Safin admitted that he had not expected to beat Djokovic
Russian Marat Safin caused a sensational upset by knocking out world number three Novak Djokovic in the second round at Wimbledon.
The former world number one overpowered Djokovic 6-4 7-6 (7-3) 6-2 to leave the Centre Court crowd stunned.
Safin has often expressed his frustration at playing on grass but it was Djokovic who appeared to be rattled by the blustery conditions.
The Serb delivered 10 double faults, the last on match point.
Safin told BBC Sport: "It was a great match and I still feel a bit nervous as I have not won such a match in a long time.
"I had to play really well, concentrate from the beginning and be with him game by game.
Safin has his ups and downs and he's known for his mental instability - but he's still a great player
"I had to take my opportunities as he was under pressure fighting for the world number one spot so he has to win matches. From me no-one expects anything."

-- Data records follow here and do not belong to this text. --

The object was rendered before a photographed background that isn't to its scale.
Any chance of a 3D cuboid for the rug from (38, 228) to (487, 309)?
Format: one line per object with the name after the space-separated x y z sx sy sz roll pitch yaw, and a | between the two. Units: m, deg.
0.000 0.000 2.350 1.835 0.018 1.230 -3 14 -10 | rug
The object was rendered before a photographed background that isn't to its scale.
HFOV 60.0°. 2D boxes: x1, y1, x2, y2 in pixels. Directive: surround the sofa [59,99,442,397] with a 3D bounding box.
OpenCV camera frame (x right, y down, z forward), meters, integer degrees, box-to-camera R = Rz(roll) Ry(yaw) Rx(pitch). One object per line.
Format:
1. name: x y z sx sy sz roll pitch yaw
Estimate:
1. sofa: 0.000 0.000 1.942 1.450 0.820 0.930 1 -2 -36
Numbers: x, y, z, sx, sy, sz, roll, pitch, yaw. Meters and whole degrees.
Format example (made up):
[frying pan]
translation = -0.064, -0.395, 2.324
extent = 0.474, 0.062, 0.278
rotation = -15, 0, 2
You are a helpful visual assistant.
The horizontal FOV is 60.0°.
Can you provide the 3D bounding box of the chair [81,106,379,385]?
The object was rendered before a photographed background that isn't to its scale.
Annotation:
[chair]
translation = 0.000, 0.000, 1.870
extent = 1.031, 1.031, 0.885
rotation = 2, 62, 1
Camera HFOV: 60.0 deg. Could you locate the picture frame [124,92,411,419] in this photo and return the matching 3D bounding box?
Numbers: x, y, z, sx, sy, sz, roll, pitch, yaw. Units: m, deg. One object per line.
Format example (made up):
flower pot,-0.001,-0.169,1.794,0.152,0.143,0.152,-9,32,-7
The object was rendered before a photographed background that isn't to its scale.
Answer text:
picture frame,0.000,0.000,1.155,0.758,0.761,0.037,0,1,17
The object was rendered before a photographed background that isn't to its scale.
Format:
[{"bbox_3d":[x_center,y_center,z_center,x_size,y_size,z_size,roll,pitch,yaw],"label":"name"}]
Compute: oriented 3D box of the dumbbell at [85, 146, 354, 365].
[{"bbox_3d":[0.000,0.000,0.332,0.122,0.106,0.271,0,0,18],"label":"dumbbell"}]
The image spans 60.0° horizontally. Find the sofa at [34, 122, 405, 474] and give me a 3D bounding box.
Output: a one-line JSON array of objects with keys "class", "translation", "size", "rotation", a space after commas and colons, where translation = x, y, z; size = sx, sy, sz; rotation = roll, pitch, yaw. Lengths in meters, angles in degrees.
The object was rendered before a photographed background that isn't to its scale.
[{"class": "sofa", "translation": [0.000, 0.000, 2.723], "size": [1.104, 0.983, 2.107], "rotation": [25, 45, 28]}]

Safin later admitted that he already booked himself on a flight to Moscow on Wednesday evening but he must now prepare himself for a third-round match against Italian Andreas Seppi.
"I hadn't looked at the draw because I saw I had Djokovic in the second round, but now I will have to check. The way I am playing right now I can go far but it must be step by step," added the Russian.
Safin's win could also be a boost for world number one Roger Federer, who was seeded to meet Djokovic in the semi-finals.
Australian Open champion Djokovic had been talked about as one of three title contenders, along with Federer and Rafael Nadal.
However, the 21-year-old was completely out of sorts on Wednesday.
I had a bad day at the office - Djokovic
"It was certainly a very bad day for me," he admitted.
"I think being on Centre Court motivated him and he was mentally there today - the opposite of me. I didn't do anything to hurt him, no angles no precision. I was very up and down.
"I'm tired mentally. It's been a long season. He was just better than me. That's it."
Safin, a two-times Grand Slam champion, has seen his ranking slump to 75 through a combination of injuries and inconsistent form but he was at his brutal best on Wednesday.
"The courts have been getting slower and slower at Wimbledon. Now you can play from the baseline without even getting close to the net," said the 28-year-old.
"I had to serve well and stay with him, but he didn't impress me with his game today."
Djokovic had to save three break points in the opening game and that set the tone for a strangely lacklustre display.